Despite occasional comments that the world would be better off without religion, I like to think of myself as an agnostic who is at the very least sympathetic to religion, and certainly fascinated by it. I once described it to a professor with the metaphor of watching people dance without being able to hear the music.

It’s no wonder then that I was attracted by the title alone to Michael Shermer’s _How We Believe: The Search for God in an Age of Science_. Shermer is better known as head of the Skeptics Society and for his _Why People Believe Weird Things_, and while it might not seem likely from these credentials, Shermer is — by his own account — sympathetic to religious belief himself. Perhaps not sympathetic — understanding. That fact sets him as an outsider looking in on religious belief.

That wasn’t always the case. There was a period when Shermer considered himself a Christian. A fundamentalist, even. He once gave a professor a copy of Hal Lindsey’s _The Late, Great Planet Earth_ in an effort to proselytize. Instead of seeing the light, the professor

Saw red and hammered out a two-page, single-space typed list of problems with Lindsey’s book. I still have the list, folded and tucked neatly into my copy of the book. (6)

Eventually Shermer abandoned the Christian worldview for a materialist view of the world. He was still intrigued by religion, though, and this led eventually to him exploring how people believe.

This is not to be confused with the question of “Why people believe.” Shermer begins the book by explaining “the God problem” is insoluble. He is not out to disprove God’s existence, for that can’t be done, he argues. He also holds that God’s existence can’t be proved, and that therefore the most logical position for him is that of agnosticism.

To explain further, Shermer uses Donald Symons’ question, “Do you believe in [fill in any three letters] exists?” then quotes Symons extensively:

You have to know more about what’s in the brackets and how its existence or nonexistence might be determined or, at least, what kinds of evidence might potentially bear on the question. If you find out that the questioner has no ideas about the characteristics of the [      ] (such as, for example, whether it is made of matter), and more importantly, states that no conceivable observation could have any bearing on the existence/nonexistence question, then to me the original question is meaningless, or incoherent, or empty, or some similar concept. (10)

Since we cannot know — in a scientific sense — any of these characteristics, then it becomes a matter of faith. And that’s more or less where Shermer leaves it.

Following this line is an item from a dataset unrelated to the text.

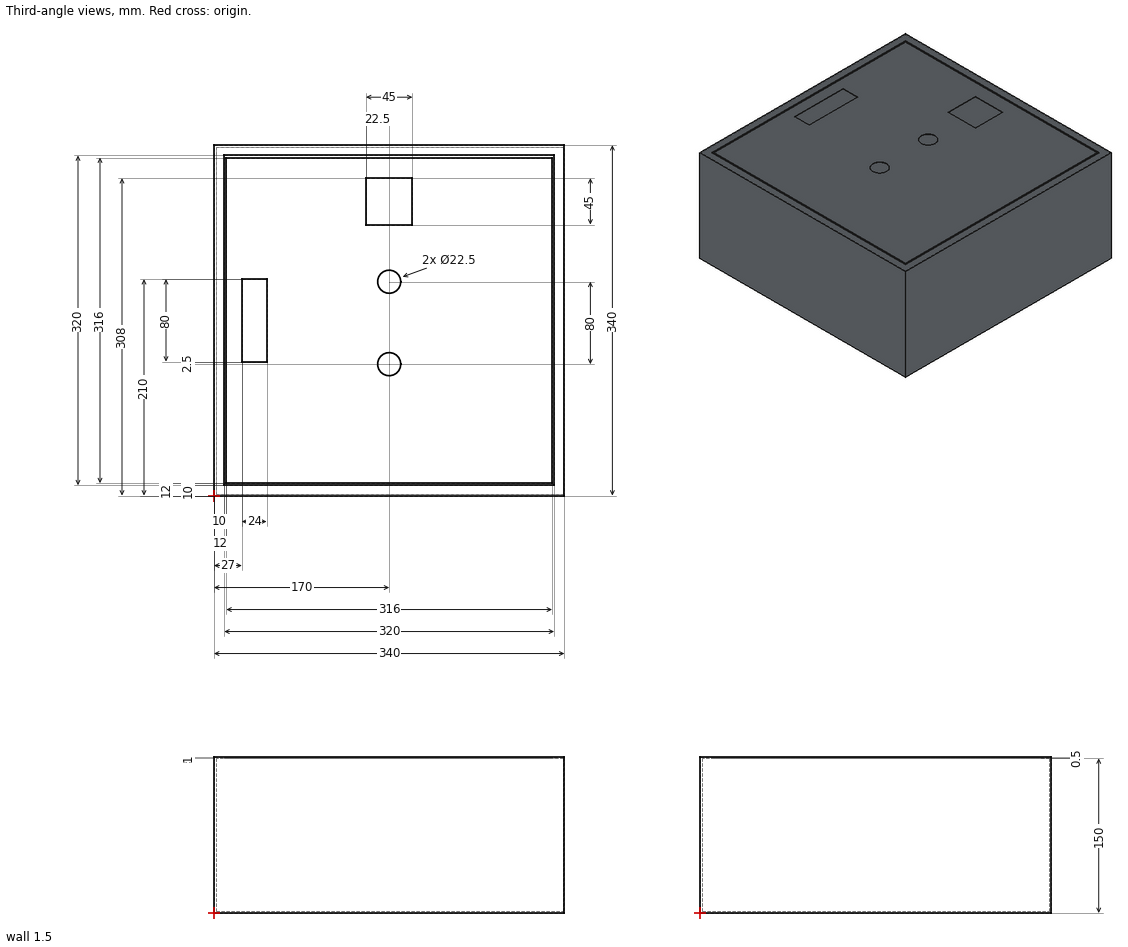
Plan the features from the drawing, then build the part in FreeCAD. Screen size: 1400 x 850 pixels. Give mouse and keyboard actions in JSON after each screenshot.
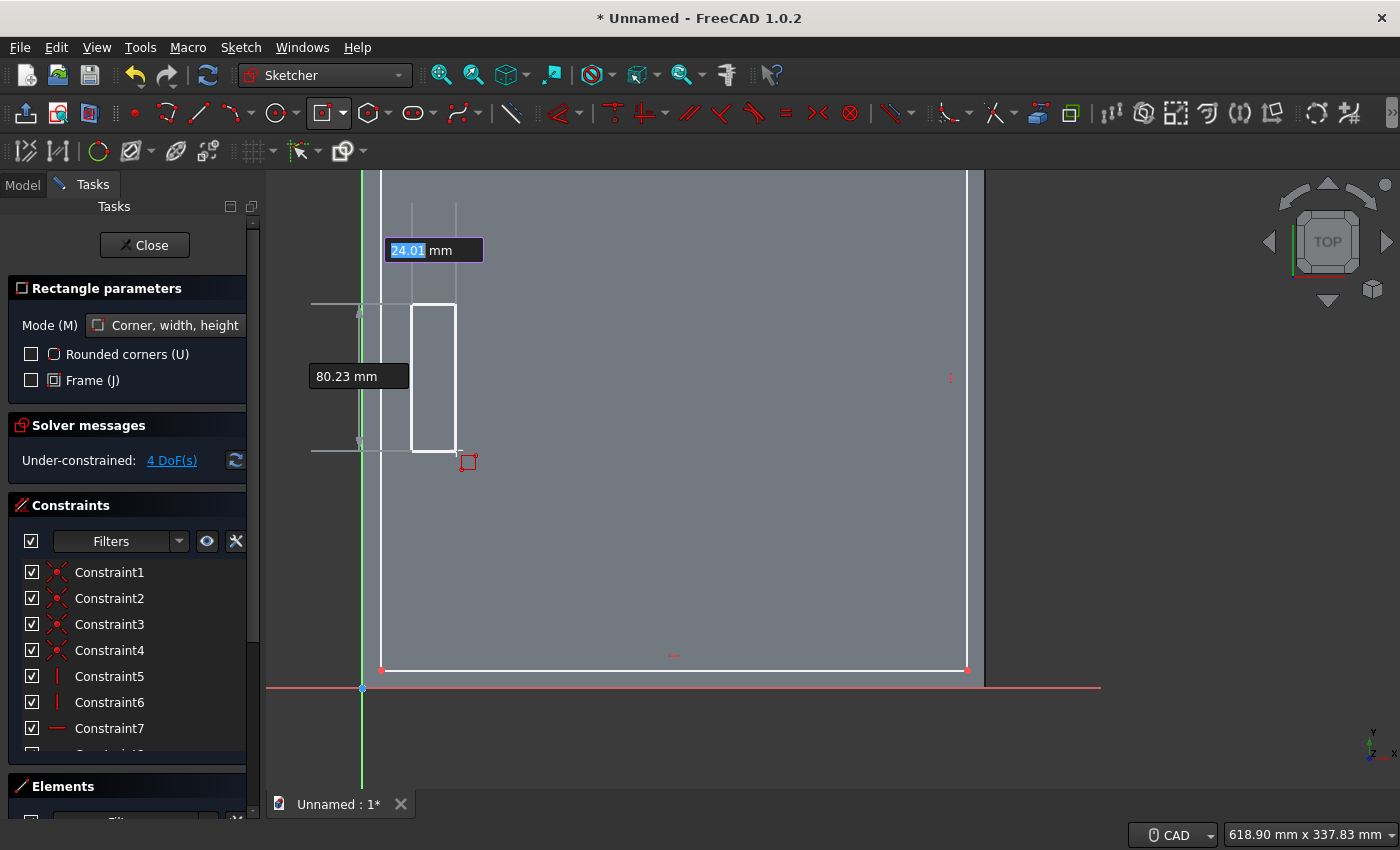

Shermer’s goal, then, is to explore the notion of belief from a strictly psychological, biological, generally scientific point of view. In other words, how did belief evolve?

To do this, posits “The Belief Engine.” Humans are pattern-seeking animals, Shermer notes, and “humans evolved a Belief Engine whose function it is to seek patterns and find causal relationships, and in the process makes mistakes in thinking” (39). Religion is not the inevitable outcome, though: “under certain conditions it leads to magical thinking while under different circumstances it leads to scientific thinking” (38). Yet how could this possibly work?

Humans evolved to be skilled pattern-seeking creatures. Those who were best at finding patterns (standing upwind of game animals is bad for the hut, cow manure is good for the crops) left behind the most offspring. We are their descendants. The problem in seeking and finding patterns is knowing which ones are meaningful and which ones are not. Unfortunately are brains are not always good at determining the difference. The reason is that discovering a meaningless pattern (painting animals on a cave wall before a hunt) usually does no harm and may even do some good in reducing anxiety in certain environments (38).

Shermer then outlines two kinds of thinking errors:

Type 1 Error: Believing a falsehood

Type 2 Error: Rejecting a truth

Shermer continues:

In some cases, neither of these errors will automatically get us killed, so we can live with them. […] The Belief Engine is an evolved mechanism for helping us survive, because in addition to committing Type 1 and Type 2 errors, we also commit what we might call a _Type 1 Hit: not believing a falsehood_ and a _Type 2 Hit: Believing a truth_.

One might wonder whether the book at this point is starting to take a somewhat antagonistic view of religion. It’s an almost a Golden Bough-ian view of religion: cave paintings and magical thinking led eventually to cathedrals and theology.